Where does this leave me? Obsessed by the Middle East and open to the changed and changing social conditions of my more immediate surroundings, I follow the news and listen to and learn from the people around me, and perceptions change, and maybe you realize that one should want to respond to people as human beings, and get to the point where “Jew,” “Arab,” and “Muslim” might come to mean something else than the “things” they signify now. Is it a “right” that one has to like and to dislike, to be liked and to be disliked without any of this having to do with “identity” per se? For young people, maybe all this will reflect for the new normal, which, for me, being not so young, is very different than anything I might have imagined in the 1970s and 1980s.
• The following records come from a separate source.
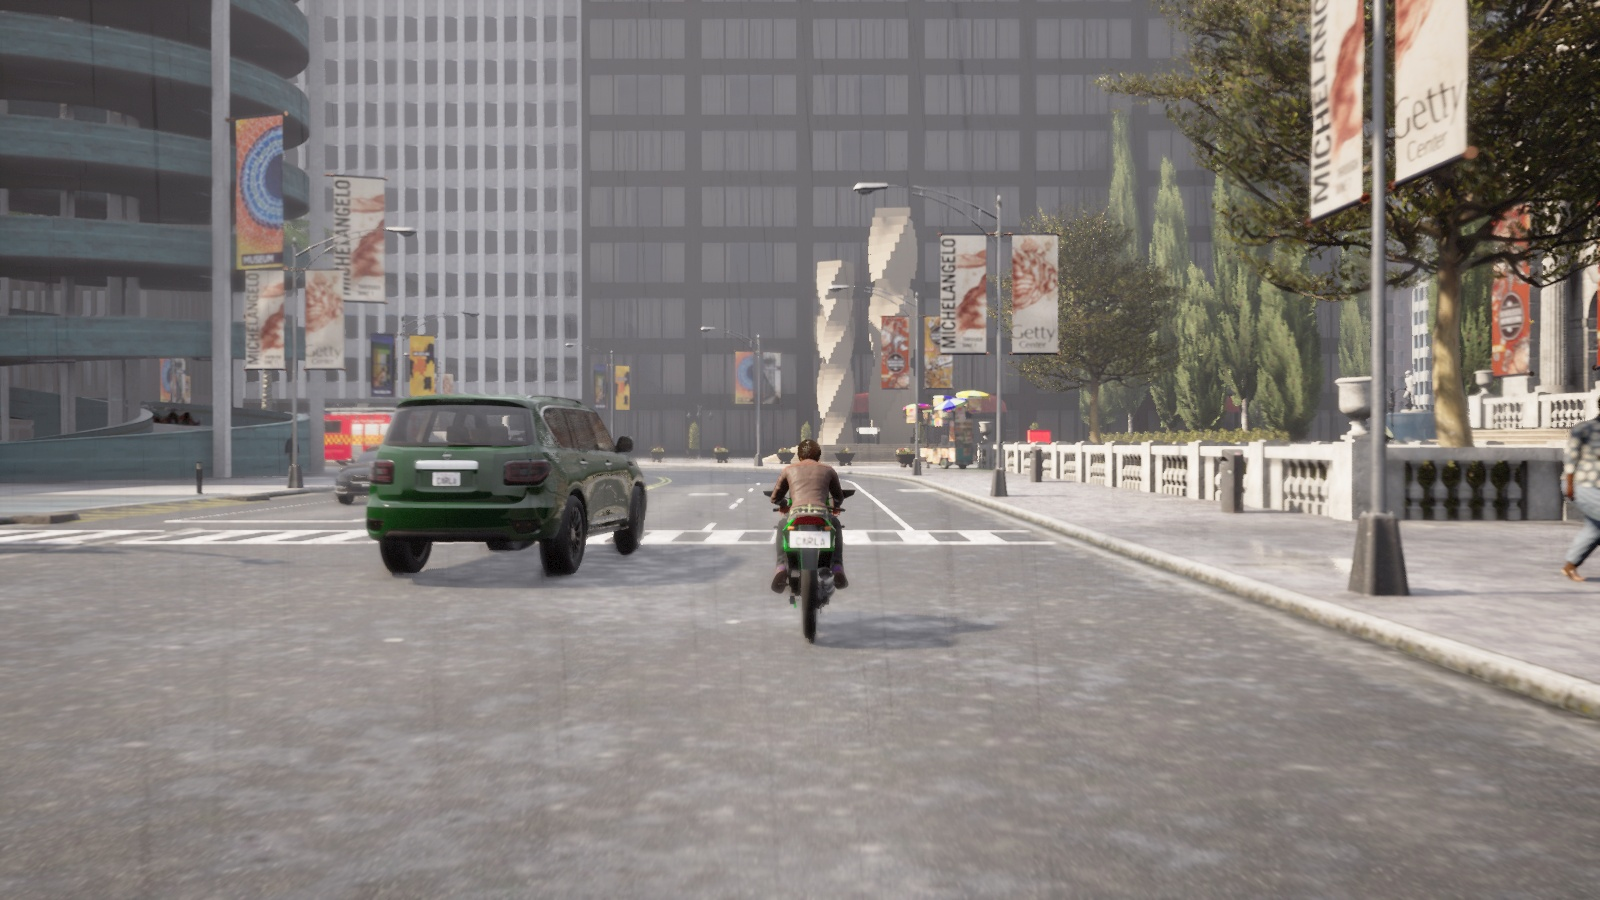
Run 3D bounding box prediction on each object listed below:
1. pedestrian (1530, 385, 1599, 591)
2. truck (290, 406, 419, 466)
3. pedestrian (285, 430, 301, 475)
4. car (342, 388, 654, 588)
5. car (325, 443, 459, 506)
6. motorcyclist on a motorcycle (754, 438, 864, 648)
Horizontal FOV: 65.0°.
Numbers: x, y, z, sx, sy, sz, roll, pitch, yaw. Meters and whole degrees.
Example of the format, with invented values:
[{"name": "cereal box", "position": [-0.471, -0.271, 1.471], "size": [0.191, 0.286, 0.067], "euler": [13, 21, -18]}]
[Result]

I think it’s the connection to Israel and to Zionism that has in such large part drawn my interest to the larger political worlds that I follow, to people from and to places in “the Levant” for whom and for which I wish well, not ill. I’m not so sure I would have cared as much, one way or the other without that connection. Most of all, I can’t stand the designation of the hard and fast distinction between “the friend” and “the enemy.” It’s a fascist designation, and it doesn’t do me or anyone else any good. This is not to say too much. Again, I understand that as much as “the Arab” or “the Muslim” is a “problem” to “me,” that “I” am just as much a “problem” to “them,” as “a Jew,” and “a Zionist,” whatever that still means. Forget the rightwing canard, “Islamic anti-Semitism.” The Judeophobia and conspiracy theories about Jews and Zionists and Israel in the Arab and Muslim worlds have caused enough damage on their own, and Islam has nothing to do with it in any simple way, not one way or the other. There’s plenty of enmity and enough points of fracture without the need for cheap caricatures and slogans. But even then, these lines of enmity are not as clearly drawn as they used to be. One thing the new sectarianism in the Middle East does is to make a place, a still uncomfortable place, for Jews and Israelis alongside Arabs, Palestinians, Sunni, Shiites, Alawites, Kurds, Turks, and Iranians.
This is the best I can do. If I have pigeonholed anyone, I apologize. All I can say is that I’m trying to give as honest an account of myself as I can, which means trying to put together scattered bits of memories, impressions, and also reifications. The point is to move past rigid designators towards more felicitous, less injurious  affects  perceptions,  patterns, and  structures based on different types of encounters between persons and peoples. I’m pretty sure that I am no more racist and ignorant than a lot of other people, maybe even a little less so, and clearly blinkered. At the end of the day, it should be possible to identify and to forge a more or less common interest based on new encounters, sympathies, habits, and structures. Not locked-down and paranoid, that’s how I want to be able to move about in the world.